> [Work task]:
For each line below that includes the string "provides", show the whole line.

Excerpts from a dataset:
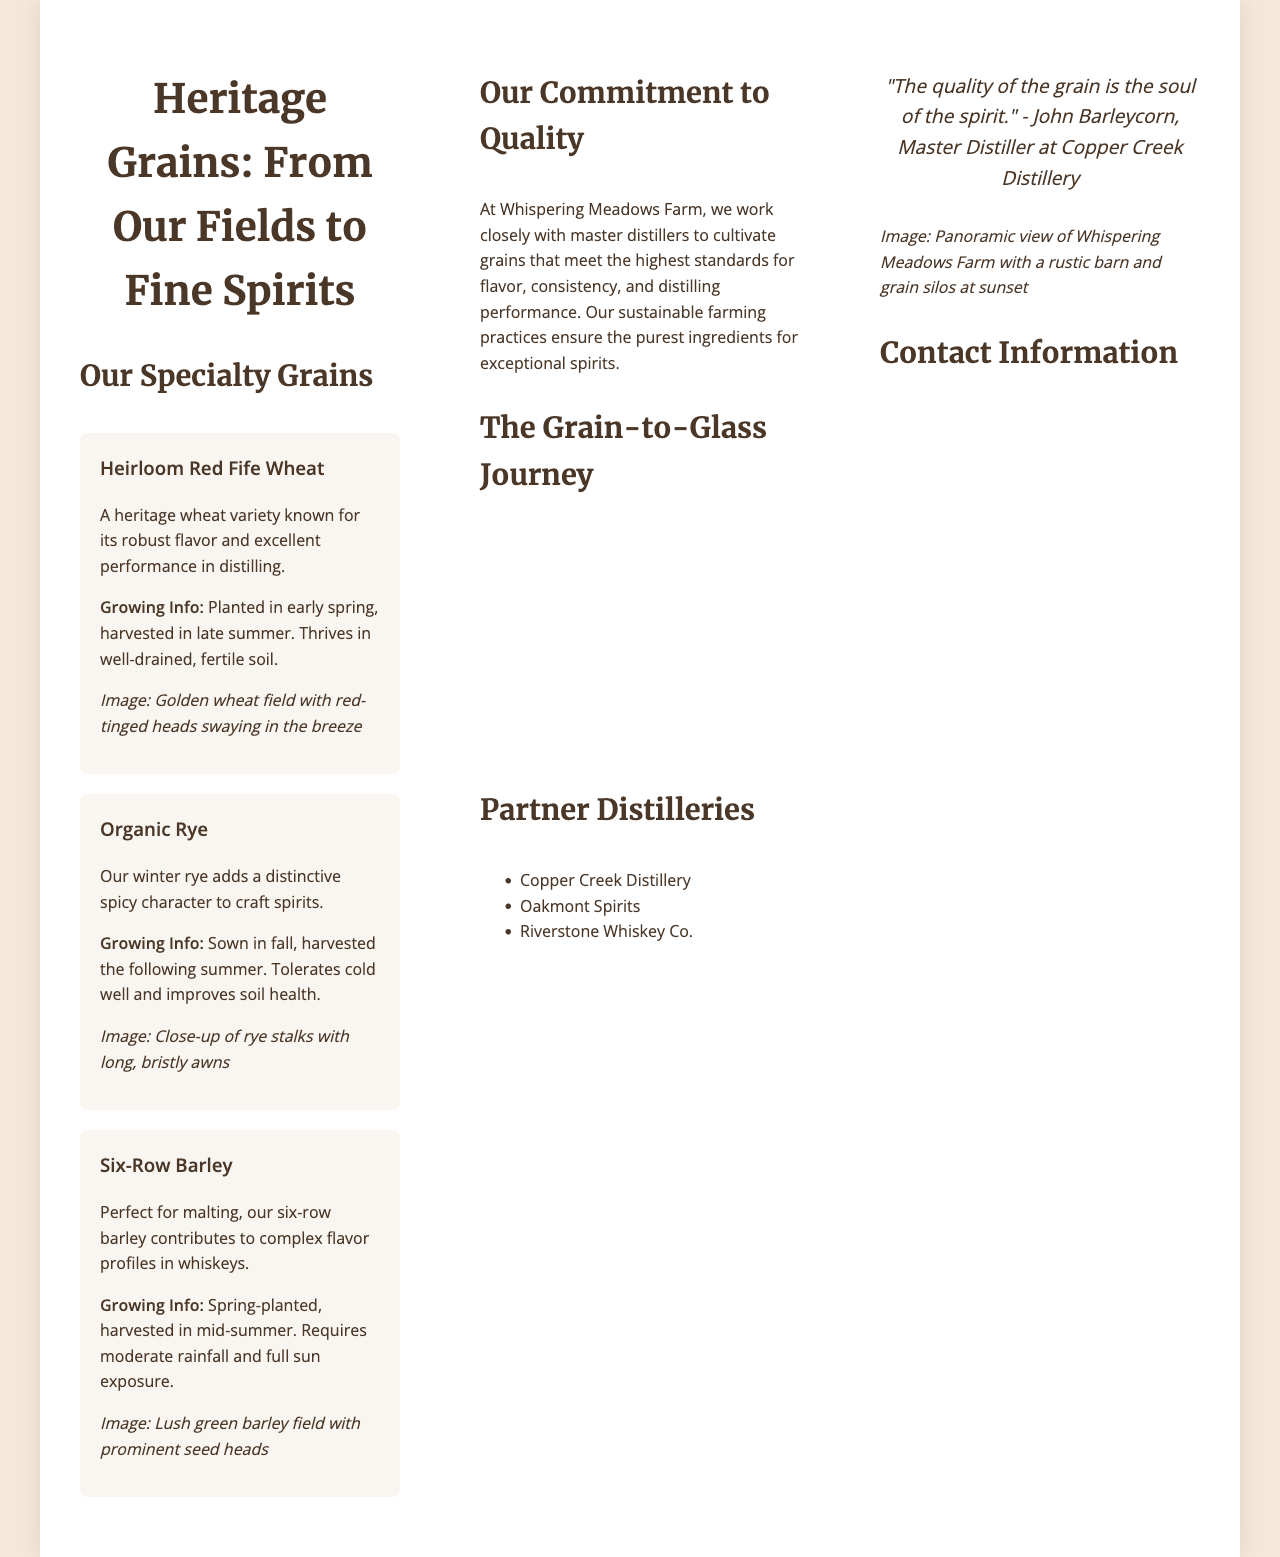What is the title of the brochure? The title of the brochure is prominently displayed at the top of the document.
Answer: Heritage Grains: From Our Fields to Fine Spirits What grain is known for its robust flavor? The document lists grains with their descriptions, highlighting one known for robust flavor.
Answer: Heirloom Red Fife Wheat What season is Organic Rye sown? The growing information section specifies when Organic Rye is sown.
Answer: Fall How many partner distilleries are listed? The document includes a list of partner distilleries, and the count can be determined directly from that list.
Answer: Three What is the primary color used in the brochure? The color scheme section provides the primary color for the brochure.
Answer: Warm golden yellow What is the last step in the grain-to-glass journey? The steps included detail the process from seed selection to delivery, allowing us to identify the final step.
Answer: Direct delivery to distilleries Which distillery quotes the phrase about grain quality? The back panel features a quote about grain quality attributed to a specific master distiller.
Answer: John Barleycorn What is the farm's email address? The contact information section contains the email address for the farm.
Answer: info@whisperingmeadowsfarm.com What type of barley is perfect for malting? The document provides specific information about the barley variety suitable for malting.
Answer: Six-Row Barley 
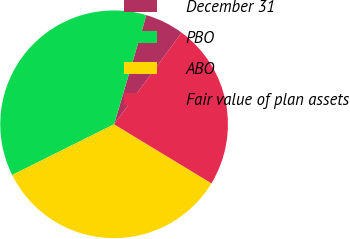<chart> <loc_0><loc_0><loc_500><loc_500><pie_chart><fcel>December 31<fcel>PBO<fcel>ABO<fcel>Fair value of plan assets<nl><fcel>5.53%<fcel>36.93%<fcel>33.97%<fcel>23.57%<nl></chart> 
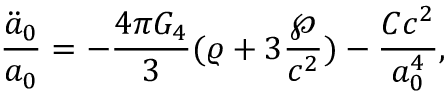Convert formula to latex. <formula><loc_0><loc_0><loc_500><loc_500>{ \frac { \ddot { a } _ { 0 } } { a _ { 0 } } } = - { \frac { 4 \pi G _ { 4 } } { 3 } } ( \varrho + 3 { \frac { \wp } { c ^ { 2 } } } ) - { \frac { C c ^ { 2 } } { a _ { 0 } ^ { 4 } } } ,</formula> 
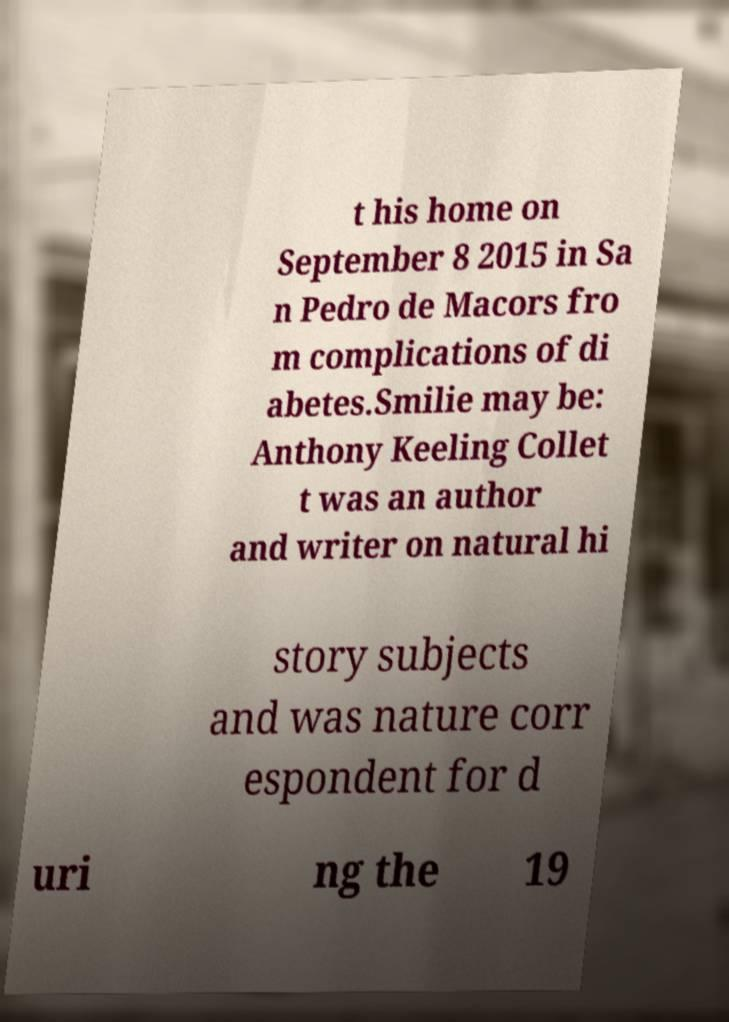Please read and relay the text visible in this image. What does it say? t his home on September 8 2015 in Sa n Pedro de Macors fro m complications of di abetes.Smilie may be: Anthony Keeling Collet t was an author and writer on natural hi story subjects and was nature corr espondent for d uri ng the 19

> [Exercise output]:
Answer: Three What is the primary color used in the brochure? The color scheme section provides the primary color for the brochure.
Answer: info@whisperingmeadowsfarm.com What type of barley is perfect for malting? The document provides specific information about the barley variety suitable for malting.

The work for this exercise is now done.